5. The core of the cosmetics industry is still to look at the products, several large single products are performing well, and there are constantly new products in research and development. In 2023, Fuerjia has 5 single products with annual sales of more than 100 million, namely Medical Sodium Hyaluronate Repair Patch (White Film), Fuerjia Acne Cleansing Repair Patch, Medical Sodium Hyaluronate Repair Patch (Black Film), Fuerjia Centella Asiatica Soothing Repair Patch and Fuerjia Niacinamide Whitening and Spot Repair Mask. In addition, it has newly filed 15 cosmetic products, including 13 ordinary cosmetics and 2 special cosmetics.
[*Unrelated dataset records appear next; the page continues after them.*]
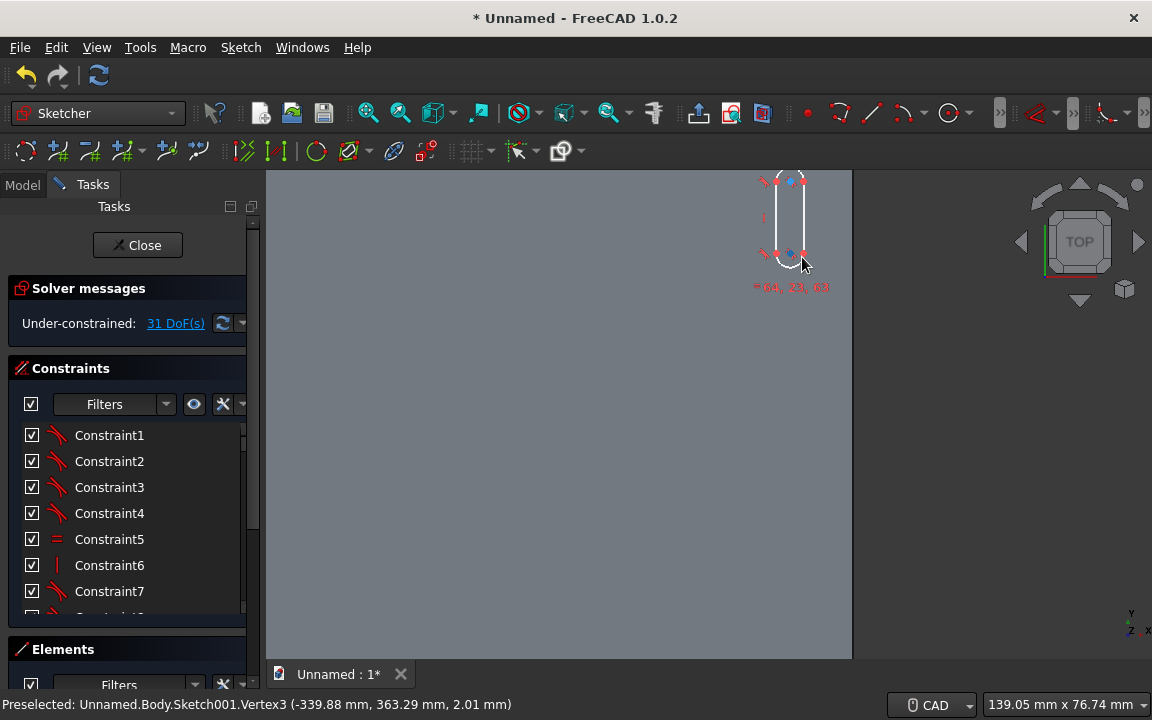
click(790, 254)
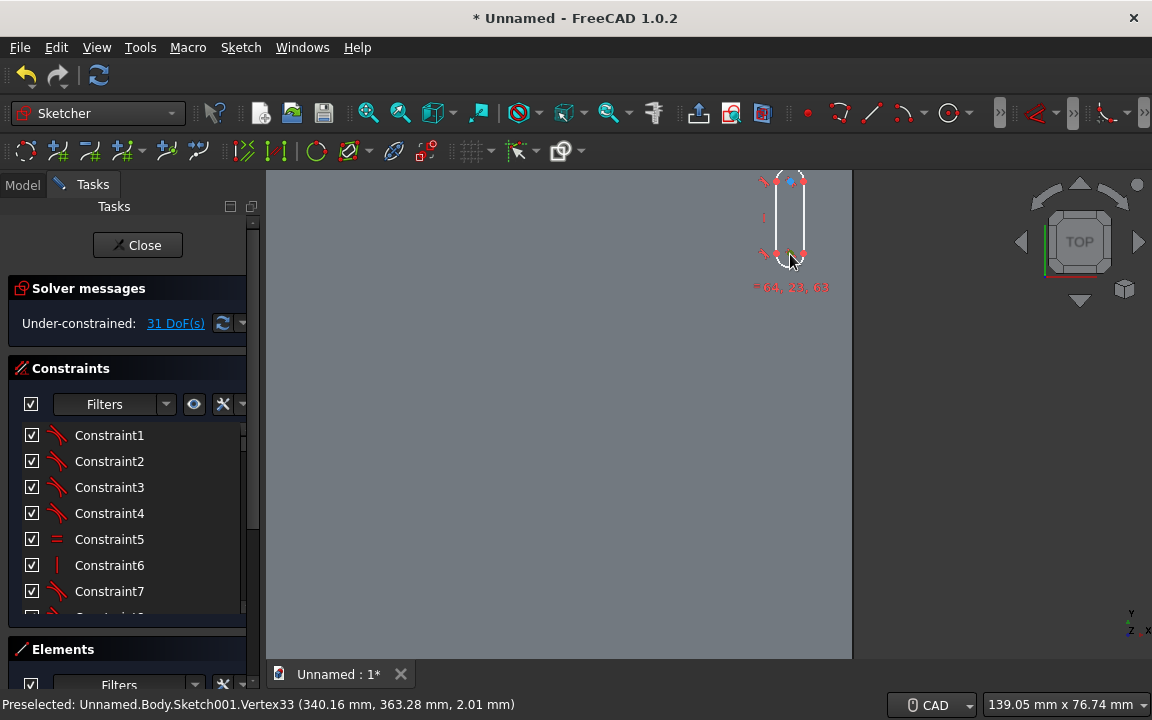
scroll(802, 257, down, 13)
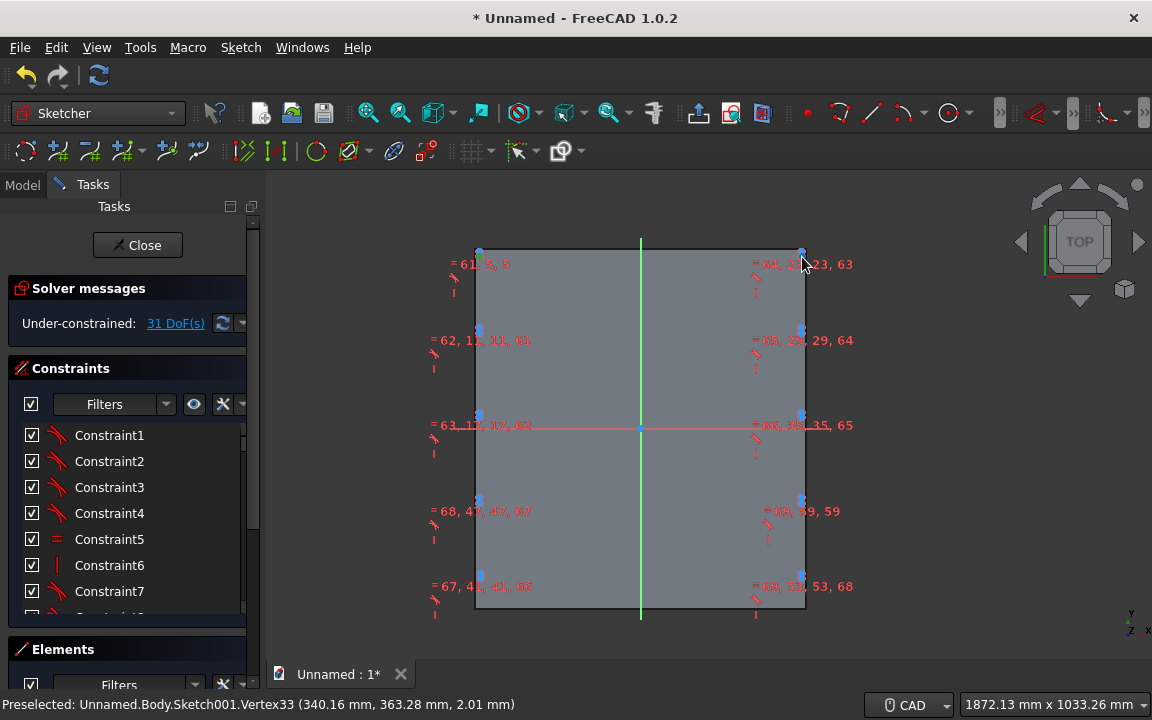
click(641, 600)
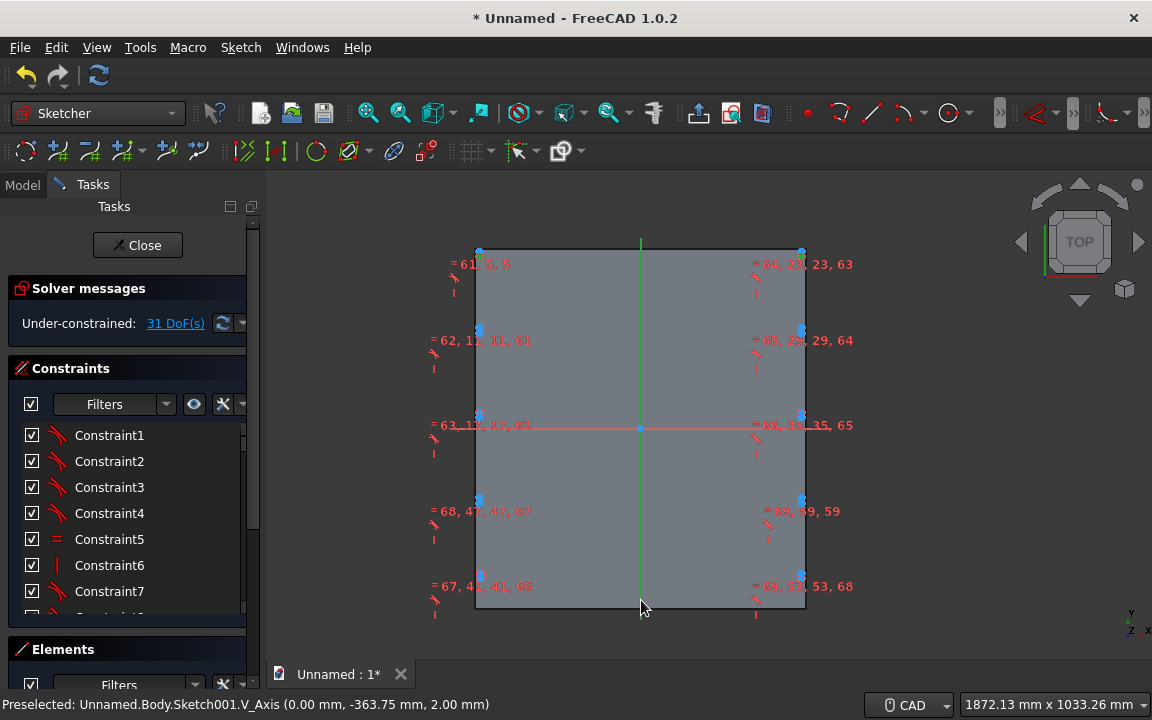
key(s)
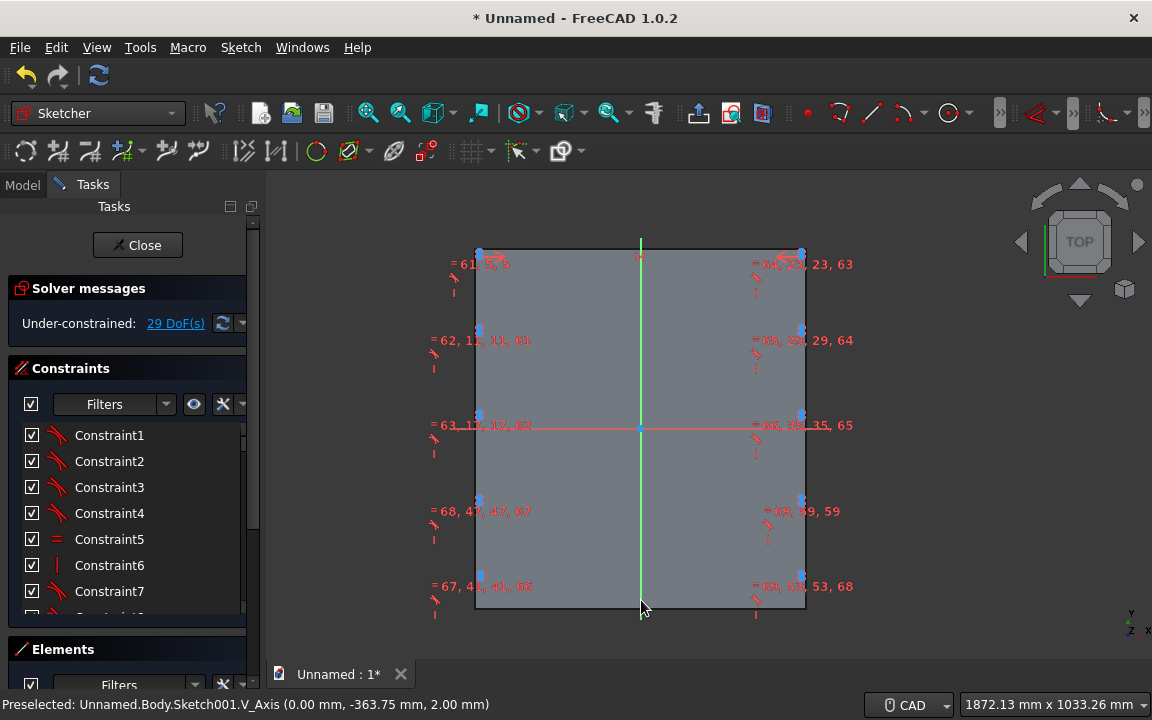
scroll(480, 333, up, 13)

6. Sales, production and sales, and inventory are very benign. In terms of sales volume, in 2023, the total sales volume will be 190.64 million standard sticks/stickers, a year-on-year increase of 13.23%, and the total output will be 178.29 million standard stickers/stickers, a year-on-year decrease of -1.07%. In 2023, Fuerjia will produce 78,025,200 pieces/patch of device products and 100,274,000 pieces/patch of cosmetic products. Overall, inventories are decreasing, and production and sales are currently in a healthy state.

Exclusive analysis, Fuerjia's annual report, why profits have declined

In summary, the financial report of Fuerjia this time, those who will look at it, should be able to increase the confidence of growth. At present, the company is playing a "three-board axe": new product opening, R&D support, and channel investment.

Online direct sales channels are a strategic competitive area for the cosmetics industry, and it is necessary to continue to increase investment in this direction, especially in the period of economic downturn, and to consolidate the position and prevent missing the competitive opportunity when consumption recovers.

Although this move will have a slight impact on profit growth in the short term, from the perspective of long-term competition, effective self-owned channels can share greater dividends in the skin care industry.

After the listing of this ticket, it fell more, and it has basically stabilized recently, and the previous mistake has formed a gold pit, and it is very rare to have such a gold track and pit position in the consumer goods track. We can't afford to miss this opportunity again.